Consultant's Actions

  1. Negotiated terms with bank lender for maintaining the credit facility for reasonable period of time for an assessment and a plan.
  2. Assessed the business operations and connectivity between the two divisions. 
  3. Assessed the production process flow, yields and metrics, conducted time and motion studies, reviewed labor productivity, safety, and particulars regarding recruiting and onboarding.
  4. Identified and implemented several changes to production that improved gross margin by increasing yields and increasing labor efficiency.
  5. Identified and implemented changes that improved safety, which resulted in reduced labor costs and reduced insurance costs.
  6. Identified and implemented changes in recruiting and onboarding which resulted in reduced labor costs in production, and increased productivity and satisfaction within the human resources department.
  7. Reviewed and validated the selling and bidding process; recommended modest changes to incentives for sales personnel.
  8. Identified and implemented changes with order flow and process flow that improved customer satisfaction. 
  9. Identified and implemented changes in managing working capital that improved cash flow.
  10. Developed detailed forecasting for monthly financials and weekly cash flow.


Outcome

  • Gross margin and profitability improved significantly. 
  • Financial and cash flow forecasts achieved their targets.
  • The company regained compliance with financial covenants within nine months.
  • The bank lender regained confidence with the company and the credit was moved back from the bank’s special assets group to the bank’s relationship team.

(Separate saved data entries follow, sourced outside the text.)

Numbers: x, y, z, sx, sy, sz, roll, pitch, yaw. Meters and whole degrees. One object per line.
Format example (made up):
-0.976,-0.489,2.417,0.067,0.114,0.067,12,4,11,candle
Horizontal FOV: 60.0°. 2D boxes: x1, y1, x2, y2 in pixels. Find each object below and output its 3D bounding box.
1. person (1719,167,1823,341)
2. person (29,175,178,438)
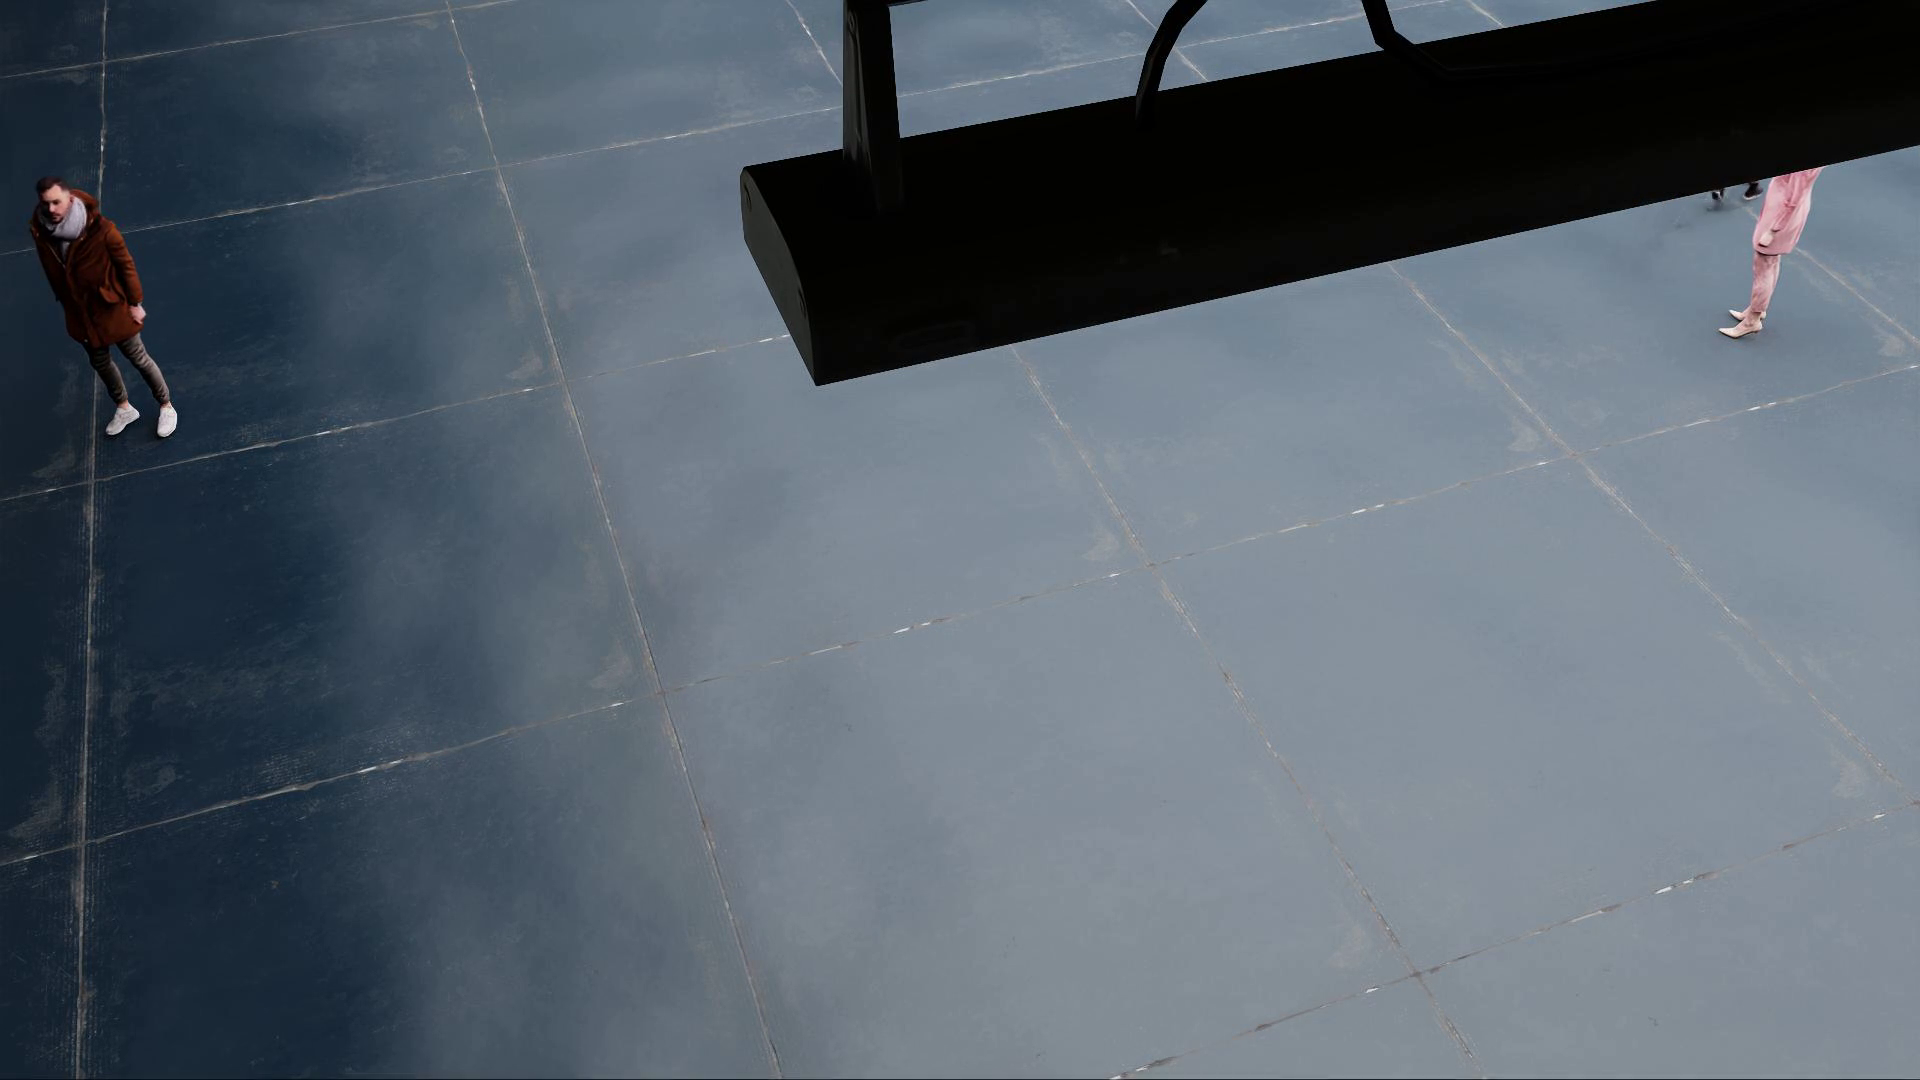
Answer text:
5.507,-2.143,11.127,0.713,1.801,0.698,26,49,25,person
-5.352,-1.446,10.353,0.823,1.839,0.845,2,43,2,person

Food Processing - Turnaround

Situation

  • Food distribution company acquired a processing facility; parent’s management had Distribution know-how, but minimal Production experience.
  • After one year of operation the processing facility was operating at significantly higher labor costs and generating lower Finished Goods yields than pre-acquisition projections.
  • Quality problems were creating additional costs and relationship problems for parent and its customers.
  • The facility was incurring significant financial losses each month which, consolidated, created challenges for the parent’s loan compliance. 
  • The lenders conditioned a forbearance on the company engaging a turnaround consultant.


Consultant's Actions

  1. Revised and corrected the bill of materials; established standard cost and yield targets. 
  2. Established KPI’s for hourly/shift/daily action-based analysis.
  3. Developed criteria to measure labor skills and conducted motion/time; adjusted process flow to adapt to variances in equipment’s mechanical capacity/speed and reduce motion.
  4. Synchronized start times of labor shifts and actively rebalanced workstations. 
  5. Discontinued production of high-cost, slow-moving, low/no-margin product; redeployed skilled production workers and maintenance’s efforts.
  6. Implemented improved Quality checks at Receiving, and additional quality testing throughout the processing.


Outcome

  • Direct Labor costs favorably reduced by >25% on a per unit FG basis.
  • Yields favorably improved by >7% on a per unit FG basis. 
  • Production costs favorably reduced to below pre-acquisition’s projections.
  • Obtained pathway for parent to regain compliance with credit facility.